Now I had access to all the project information.  You have to make a contribution to a project in order to be considered as an intern.  There were a lot of projects listed so it was a bit overwhelming to pick 1 or 2 that I thought would be a good fit.  To be honest, I wasn’t even sure who all of the open source communities were.  There were no data science projects listed, but there were several Python projects, so I chose one of those.

The process of getting that software downloaded, installed and running was an experience.  I needed to create a GitHub account, learn to chat on IRC and remember some Unix.  It was often frustrating and overwhelming, but it was a huge sense of accomplishment when it finally worked.

After submitting my contribution for this project, I was feeling very satisfied.  Even if I did not receive the internship I felt like I had learned a lot and it had been a very good experience.

Then, shortly before the application period closed, Mozilla created 2 data science internships.  Within a matter of hours, 14 people had chosen to work on the 10 projects that were offered.  I spent several days focusing on my contribution and really put my best effort into it. 

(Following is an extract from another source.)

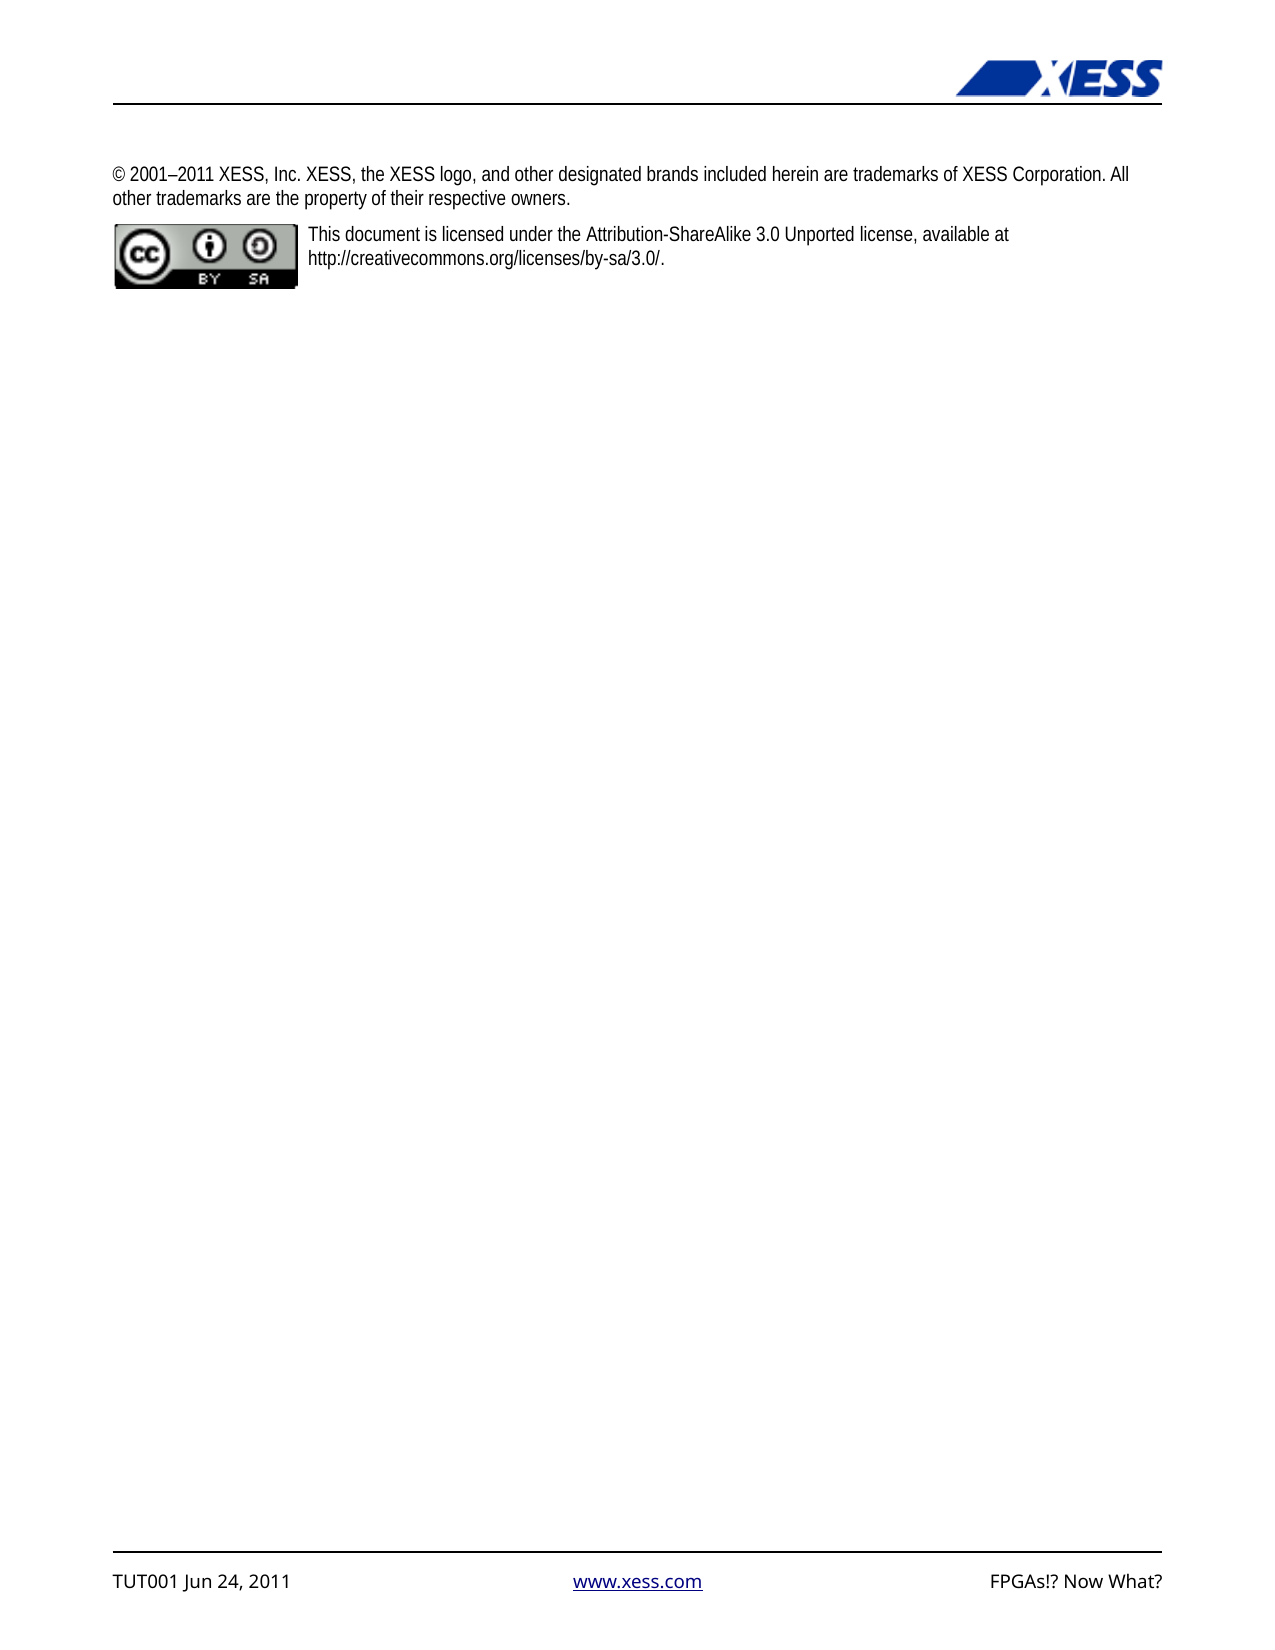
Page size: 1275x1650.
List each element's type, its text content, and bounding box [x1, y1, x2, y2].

After recording my contribution, there is an application with a few more short answer questions.  This was another opportunity to reflect on myself and why this would be a good project for me.  It was a bit intimidating because I felt like I didn’t have enough experience in Python, data science or open source, but I’d come this far so I submitted it.

Results

I was thrilled when I got the email saying I’d been chosen as a data science intern at Mozilla.  I’m very grateful to get the opportunity to get professional experience with supportive mentors.

This process has been a great experience even when it’s been scary – like writing this blog.  If you have an interest in technology or open source software I suggest that you apply for an Outreachy internship.  You may discover a new community, gain interesting experience and learn some things about yourself.